Process 32578 stopped
* thread #1, queue = 'com.apple.main-thread', stop reason = breakpoint 1.1
frame #0: 0x0000000100000dcb const`main at const.cpp:11
8 int * b = const_cast<int *> (&a);
9 std::cout << std::hex << std::setfill('0') << "b = " << b << "\n";
10 std::cout << "Writing to address of a ..." << "\n";
-> 11 *b = 10;
12 std::cout << "&a == b ? : " << ((&a == b) ? "True" : "False") << std::endl;
13 std::cout << a << std::endl;
14 std::cout << *b << std::endl;
Target 0: (const) stopped.
(lldb) p *b
(int) $0 = 5
(lldb) p b
(int *) $1 = 0x00007ffeefbff478
(lldb) p a
(const int) $2 = 5
(lldb) p &a
(const int *) $3 = 0x00007ffeefbff478
(lldb) s
Process 32578 stopped
* thread #1, queue = 'com.apple.main-thread', stop reason = step in
frame #0: 0x0000000100000dd8 const`main at const.cpp:12
9 std::cout << std::hex << std::setfill('0') << "b = " << b << "\n";
10 std::cout << "Writing to address of a ..." << "\n";
11 *b = 10;
-> 12 std::cout << "&a == b ? : " << ((&a == b) ? "True" : "False") << std::endl;
13 std::cout << a << std::endl;
14 std::cout << *b << std::endl;
15 return 0;
Target 0: (const) stopped.
(lldb) p *b
(int) $4 = 10
(lldb) p *a
error: indirection requires pointer operand ('int' invalid)
(lldb) p a
(const int) $5 = 10
(lldb) s
&a == b ? : True
Process 32578 stopped
* thread #1, queue = 'com.apple.main-thread', stop reason = step in
frame #0: 0x0000000100000e34 const`main at const.cpp:13
10 std::cout << "Writing to address of a ..." << "\n";
11 *b = 10;
12 std::cout << "&a == b ? : " << ((&a == b) ? "True" : "False") << std::endl;
-> 13 std::cout << a << std::endl;
14 std::cout << *b << std::endl;
15 return 0;
16 }
Target 0: (const) stopped.
(lldb) s
0x5 <---- wtf ? changed runtime ?
Could someone explain me what's behind the scene ? I know that's probably undefined behavior but why it behaves like that ?
Thanks in advance !
The const keyword in C++ is how you tell the compiler that you won't be modifying the value of the variable. The value could still change, but the code operating on the const variable won't be doing the changing.

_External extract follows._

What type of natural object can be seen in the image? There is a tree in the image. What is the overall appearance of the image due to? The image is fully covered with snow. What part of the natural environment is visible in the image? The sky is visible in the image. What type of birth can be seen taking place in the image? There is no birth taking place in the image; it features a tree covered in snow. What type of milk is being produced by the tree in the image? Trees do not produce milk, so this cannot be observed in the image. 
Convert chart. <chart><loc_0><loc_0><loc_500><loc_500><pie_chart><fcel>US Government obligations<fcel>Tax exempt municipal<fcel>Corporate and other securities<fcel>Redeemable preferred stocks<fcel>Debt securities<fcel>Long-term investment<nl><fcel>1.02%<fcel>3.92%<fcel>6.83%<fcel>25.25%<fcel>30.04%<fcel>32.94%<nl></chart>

By declaring a variable to be be const does two things. First it causes the compiler to double check that you aren't changing the const variable. If you try and modify the variable it'll cause a compilation error. The second thing it does is allows the compiler to make some assumptions when it optimizes the code.
This second bit is probably why the two values reported in your program differ. The compiler sees that a is const, so it replaces every use of it with the value 5. To know for sure what exactly the compiler is outputting you'll need to inspect the assembly.
As you discovered, the language does provide ways for you to remove the const-ness, but it's almost never the right thing to do. As you have seen, using const_cast can have unexpected results.